4. Mr. Abdul Qayoom appearing for the respondents has, on the other hand, submitted ihat under Section 75 of the Act, it is only the Panchayati Adalat that has got jurisdiction to take cognizance of the above mentioned offences. Jurisdiction of criminal courts for taking cognizance of these offences has been expressly excluded by S, 75 of the Act. It is further submitted that this section overrides the Code of Criminal Procedure in view of non obstante clause appearing in this section. According to the learned Counsel the order passed by the Judicial Magistrate was a proper order and the reference made by the learned C.J.M. was misconceived.

5. To me it appears that the reference is well founded. When the Police investigated the case and found that the accused were prima facie liable to be prosecuted before a court of law, they had to proceed under Section 173 Cr.P.C. which provides the submission of the report before a Magistrate competent to try the offences. It could not be said that the Police had to submit the challan before the Panchayati Adalat under Section 75 of the Panchayat Act. Proviso to Section 75 of the Act, makes it abundantly clear that if the complainant is a public servant, then jurisdiction of the Panchayati Adalat is taken away. The word 'complainant' has not been denned in the Cr.P.C. but the word 'complaint' has been defined which means according to the definition, the allegation made orally or in writing to a magistrate with a view to his taking action under the Code that some person has committed an offence. A person who lodges a complaint is the complainant. But what appears from definition of the word 'complaint', it is essential that it must be made to a magistrate and not to any other forum. It is pertinent to mention here that the Village Panchayat Act has used the expression 'case' in relation to criminal proceedings and not 'complaint'. Under Section 75 of the Act, the expression used is 'case' and not 'complaint'. In my opinion, the law does not, therefore, permit submission of charge sheet by a Police Officer before a Panchayati Adalat.

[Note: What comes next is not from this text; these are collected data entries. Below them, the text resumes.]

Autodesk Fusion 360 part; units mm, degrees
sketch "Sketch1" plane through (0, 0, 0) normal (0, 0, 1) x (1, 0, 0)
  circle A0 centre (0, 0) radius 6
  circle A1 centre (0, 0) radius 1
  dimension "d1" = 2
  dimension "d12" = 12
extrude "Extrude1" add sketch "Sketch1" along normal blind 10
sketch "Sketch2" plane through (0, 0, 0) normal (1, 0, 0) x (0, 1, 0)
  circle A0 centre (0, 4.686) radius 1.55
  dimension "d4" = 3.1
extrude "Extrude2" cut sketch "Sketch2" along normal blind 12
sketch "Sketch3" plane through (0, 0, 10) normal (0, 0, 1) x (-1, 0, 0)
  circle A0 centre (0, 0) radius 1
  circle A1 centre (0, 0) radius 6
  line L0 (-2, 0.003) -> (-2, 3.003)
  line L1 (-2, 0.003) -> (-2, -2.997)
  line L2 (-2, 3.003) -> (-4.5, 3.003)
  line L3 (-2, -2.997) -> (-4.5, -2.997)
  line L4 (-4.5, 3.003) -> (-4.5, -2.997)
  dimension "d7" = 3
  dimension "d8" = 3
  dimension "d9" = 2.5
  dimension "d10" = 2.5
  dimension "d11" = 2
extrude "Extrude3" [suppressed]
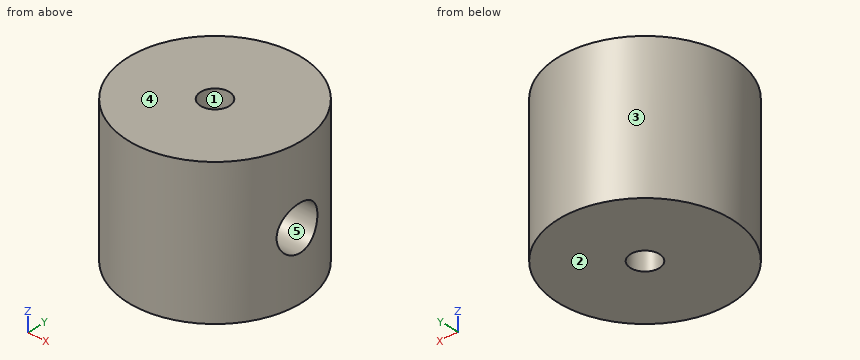
The model under review builds one solid part; all positions refer to its coordinate system, in mm. Face numbers are marked on the shaded views. A direction names the side the tool comes from. Give positions to 0.01 mm unless a question says otherwise; leave off trailing zeros. Write each loop counter-clockwise with the first axis right and the second up, starting at its lowest first coordinate (ties: lowest second). Pieces come first, ordered by that corner, then holes. Notation, with made-up numbers: M -15,52 L 29,52 A21 cw 29,71 Z; hole C -36.75,30 d3. An arc over 180 degrees is marked long. Write item = value, one per line. Start each with the question number.
Q1. We need section B-B (x = 2.25). State the section outline as (y, z) points, plus the area to 3 significant figures.
Q2. Mouldability with a two-part tool opening along X and no side actions: class the marked faces 1, 2 and 3 as released by +X, released by -X, zero draft, split by the parting line, or undercut.
Q3. Clearance check with flat-ended pins moving along their axes: pin 1 (3 mm diameter, centred on x = 3, z = 6.5, fed in from -Y); pin 2 (6 mm diameter, centred on y = 3.5, z = 8.5, fed in from -X); pin 3 (0.6 mm diameter, centred on y = -1.5, z = 5, fed in from +X). State where each tip first meets the part, or that it passes through.
Q4. Machinability: for the marked faces 4 and 5, which of the approach directions +Z, -Z, +X, -X, +Y, -Y give a long, thin tool a straight path to every point of the face, cutting with its end or side? Answer none if there is none.
Q5. We need section D-D (z = 5.5). State the section outline as (x, y) points, plus the area to 3 significant figures.
Q6. We need section A-A (y = 0.5). State the section outline as (x, z) points, plus the area to 3 significant figures.
Q7. We need section C-C (z = 0.5). State the section outline as (x, y) points, plus the area to 3 significant figures.
Q8. For line 1 (Z direction, x = 2.25, y = 0); line 2 (Z direction, x = 4.25, y = -1); line 3 (Y direction, x = 1, z = 4.75), list the stretches that pass through material, from the lowest coordinate up.
Result set:
q1.outline = M -5.56,0 L 5.56,0 L 5.56,10 L -5.56,10 Z; hole C 0,4.69 d3.1
q1.area = 104 mm2
q2.face_1 = undercut
q2.face_2 = zero draft
q2.face_3 = split by the parting line
q3.pin_1 = -5.81
q3.pin_2 = -5.98
q3.pin_3 = 5.83
q4.face_4 = +Z, +X, -X, +Y, -Y
q4.face_5 = +X
q5.outline = M 0,-1.32 L 0,-1 A1 cw 0,1 L 0,1.32 L 5.85,1.32 A6 ccw long 5.85,-1.32 Z
q5.area = 95.8 mm2
q6.outline = M -5.98,0 L -0.87,0 L -0.87,10 L -5.98,10 Z; M 0.87,0 L 5.98,0 L 5.98,3.22 L 0.87,3.22 Z; M 0.87,6.15 L 5.98,6.15 L 5.98,10 L 0.87,10 Z
q6.area = 87.3 mm2
q7.outline = C 0,0 d12; hole C 0,0 d2
q7.area = 110 mm2
q8.line_1 = 0 to 3.14, 6.24 to 10
q8.line_2 = 0 to 3.5, 5.87 to 10
q8.line_3 = -5.92 to -1.55, 1.55 to 5.92

6. For the foregoing reasons, the order of the Judicial Magistrate is erroneous in law and is liable to be set aside. The result is that the reference is allowed, and the order of the Judicial Magistrate is set aside and he is directed to re-admit the case on his files and proceed with its disposal in accordance with law. The respondents, who are present in court, are directed to appear before the Judicial Magistrate, Pulwama on September 14. 1978, for further proceedings.